Upcasting happens at read time. The original events remain in the store exactly as they were written. This means:

  • No data migrations required
  • Rollbacks are safe — old code can still read old events
  • Audit trail is preserved

Compile-Time Pipeline

The upcaster pipeline is generated at compile time as a switch expression. No reflection, no runtime type discovery.
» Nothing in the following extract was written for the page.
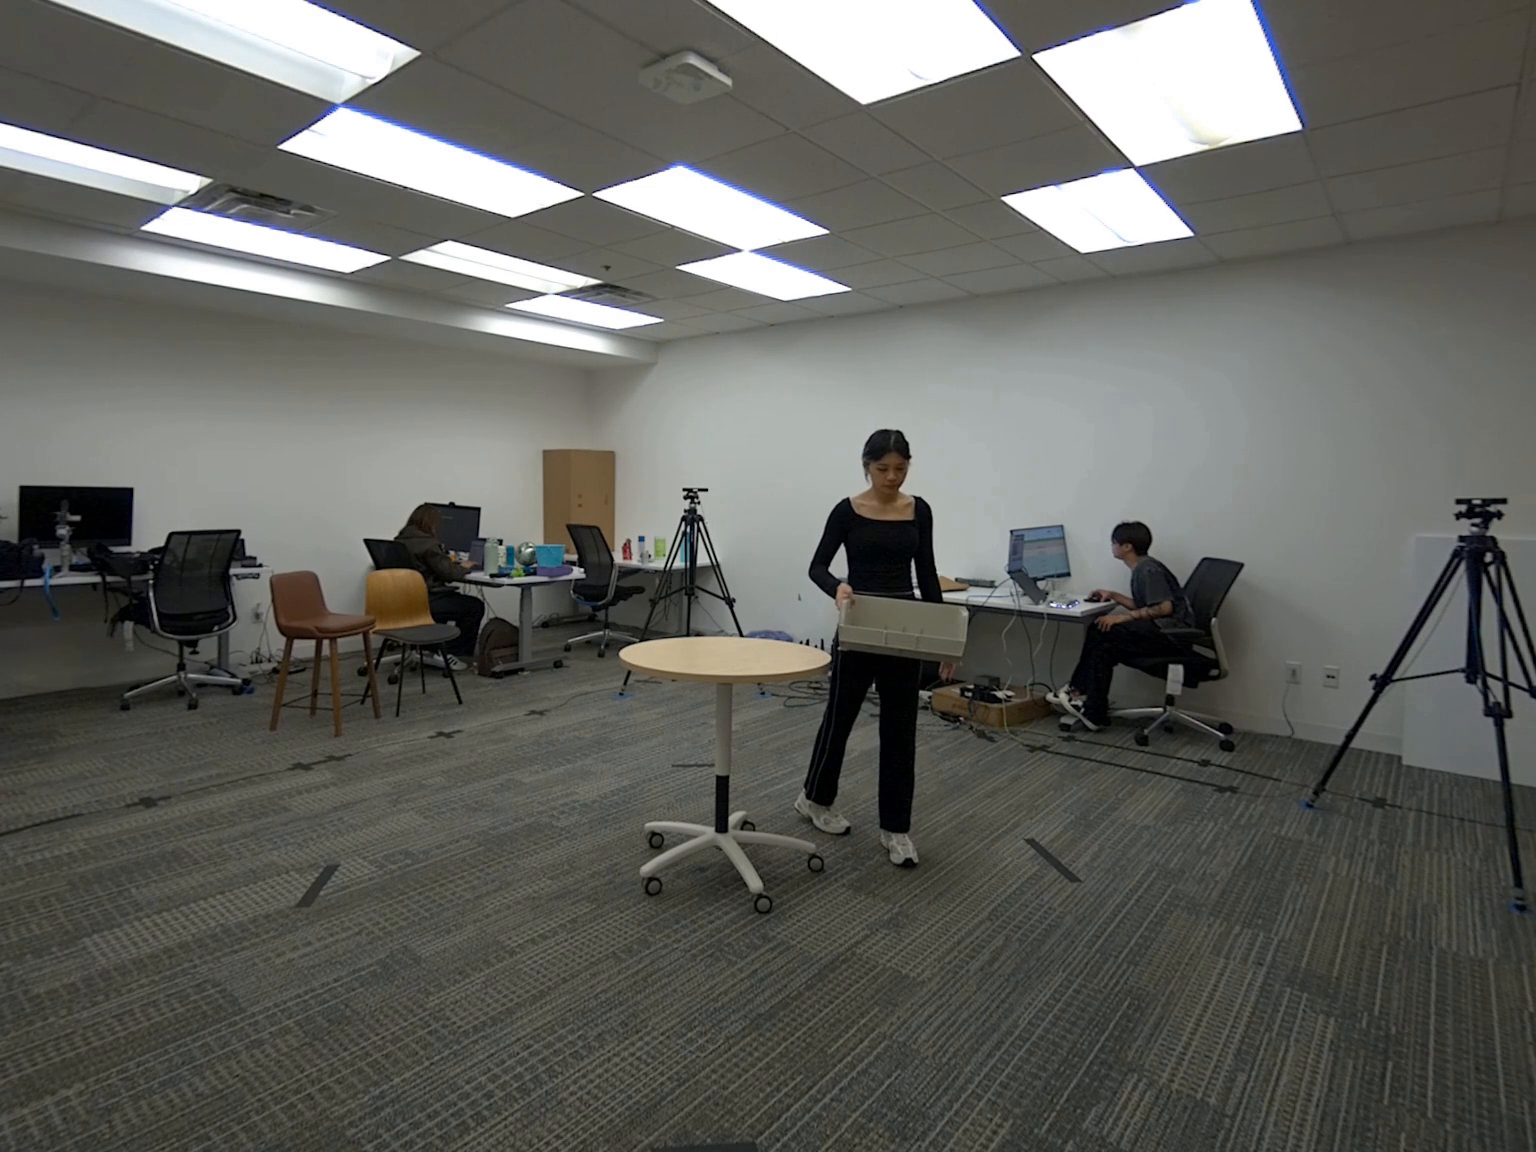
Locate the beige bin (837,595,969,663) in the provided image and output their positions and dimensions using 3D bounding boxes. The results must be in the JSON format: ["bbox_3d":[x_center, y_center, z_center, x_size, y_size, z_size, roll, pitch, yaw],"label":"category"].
[{"bbox_3d":[0.467,0.184,2.990,0.429,0.189,0.371,5,1,13],"label":"beige bin"}]

If an old event type is referenced that doesn't exist, you get a compiler error.

Convention Over Configuration

  • Any static class with [EventUpcaster] is discovered
  • Any public static method with one parameter is an upcasting rule
  • The parameter type determines which events are matched
  • The return type determines the output

Complete Example

using Deepstaging.EventStore;
using Deepstaging.Ids;

[TypedId] [StreamId] public readonly partial struct OrderId;

// Current events
public sealed record OrderCreated(
    OrderId Id, string CustomerName, string Currency) : IAggregateEvent;
public sealed record OrderShipped(
    OrderId Id, string TrackingNumber, string Carrier) : IAggregateEvent;

// Legacy event versions (kept for deserialization compatibility)
public record OrderCreatedV1(OrderId Id, string CustomerName);
public record OrderShippedV1(OrderId Id, string TrackingNumber);

// Upcasters
[EventUpcaster]
public static class OrderEventUpcasters
{
    public static OrderCreated Upcast(OrderCreatedV1 old) =>
        new(old.Id, old.CustomerName, Currency: "USD");

    public static OrderShipped Upcast(OrderShippedV1 old) =>
        new(old.Id, old.TrackingNumber, Carrier: "Unknown");
}

// Aggregate — only handles current event versions
[EventSourcedAggregate]
public partial record Order(OrderId Id, string CustomerName, string Currency)
{
    public static Order Create(OrderCreated e) =>
        new(e.Id, e.CustomerName, e.Currency);
}

[EventStore]
public static partial class AppEventStore;

Old OrderCreatedV1 events stored in the database are transparently upcasted to OrderCreated before reaching the aggregate's Create method. No migration needed.